The healthcare industry is getting an AI boost – and some players could see significant gains.
“Our top pick in 2026 is Waystar,” Bank of America analyst Allen Lutz wrote in a recent report, highlighting the company’s unique position at the intersection of high-growth software and the industry’s massive administrative bottleneck. “The earnings multiple is expected to increase as growth proves sustainable.”
The company’s arguments in favor of Waystar (PATH) is based on the idea that its growth is “too cheap” to ignore, even though the stock has faced plenty of pressure and fallen 20% over the past year.
Lutz noted that the company went through a period of “deal purgatory” following its $1.25 billion acquisition of Iodine Software in late 2025, which only recently began to see full operational integration.

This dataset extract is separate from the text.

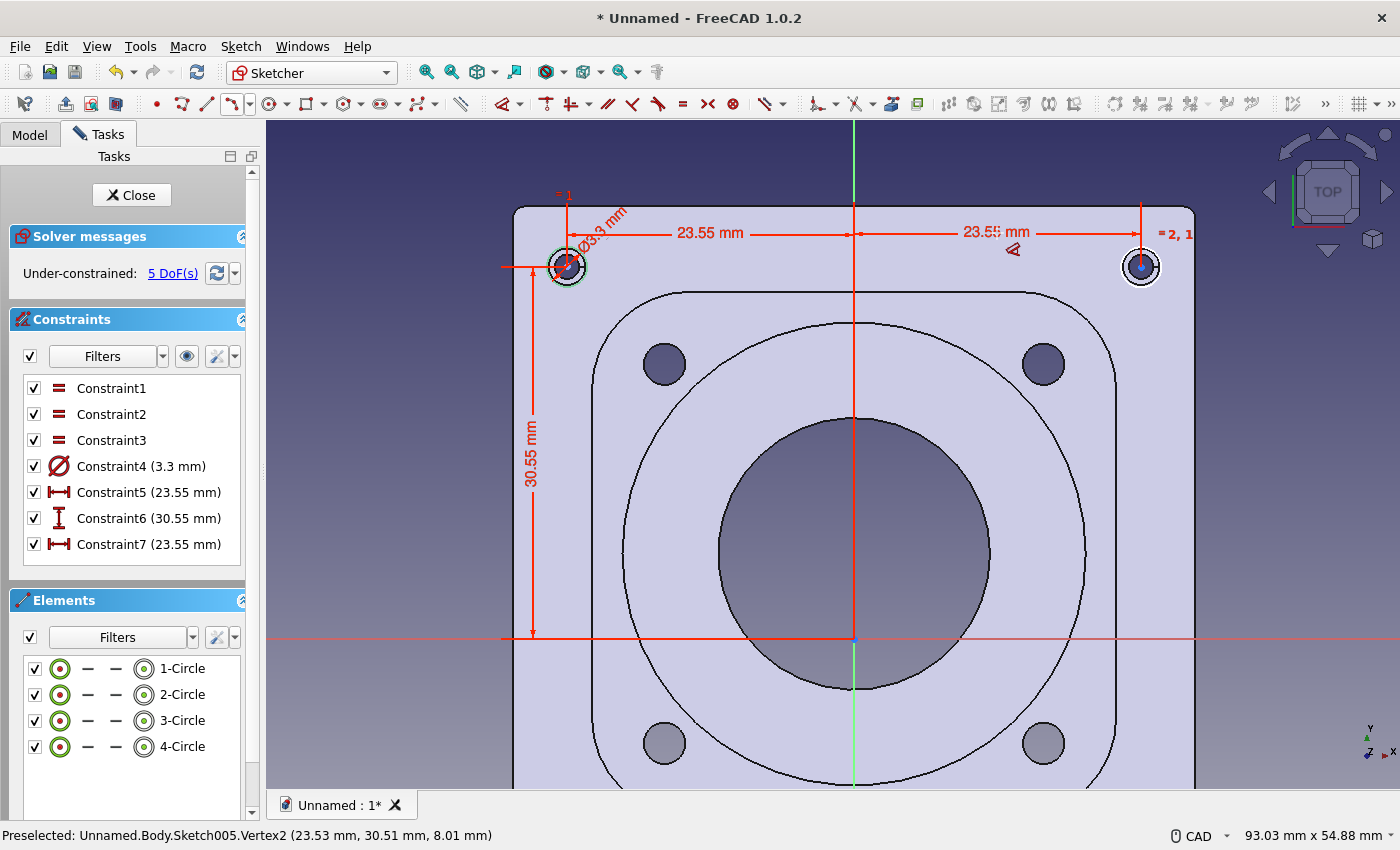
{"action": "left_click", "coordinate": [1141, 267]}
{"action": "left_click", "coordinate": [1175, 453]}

There is also the lingering fear that UnitedHealth (UNH) Optum could recover lost market share during 2024 Change Healthcare Cybersecurity Attack — a catastrophic failure that caused serious cash flow problems and delayed patient care in U.S. hospitals.
“Hospitals are looking for new revenue cycle vendors, in part because of the Change Healthcare cybersecurity breach,” Lutz wrote. “And the rapid growth of AI is also pushing hospitals to make changes to their platform.”
This shift gives “differentiated” players like Waystar an opportunity to gain traction.
Despite headwinds from utilization and political uncertainty, Waystar has maintained an aggressive consolidation strategy. Since its founding in 2017, the company has completed more than 10 acquisitions and now processes more than 7.5 billion transactions per year. Lutz estimated that the deployment strategy could unlock 400 to 500 basis points of margin upside as the company integrates AI and scales, leading the company to issue a Buy rating and a $52 price target.
The AI-centric value proposition is what Ryan Daniels, an analyst at William Blair, called a transition to a “self-sustaining revenue cycle.”
“AI has the potential to revolutionize myriad revenue cycle management functions, which could reshape market dynamics,” Daniels said.
Waystar is among the major players that will benefit from the revolution, he argued, specifically citing the company’s “AltitudeAI” tool designed to solve the industry’s $20 billion denial problem. Management claims the software can generate denial calls 90% faster, reducing a 38-hour manual process to just two.
Although Waystar stands out, Daniels also highlighted Phreesia (PHR) and Health Catalyst (HCAT) as key players, even if they operate at different scales and in different specialties.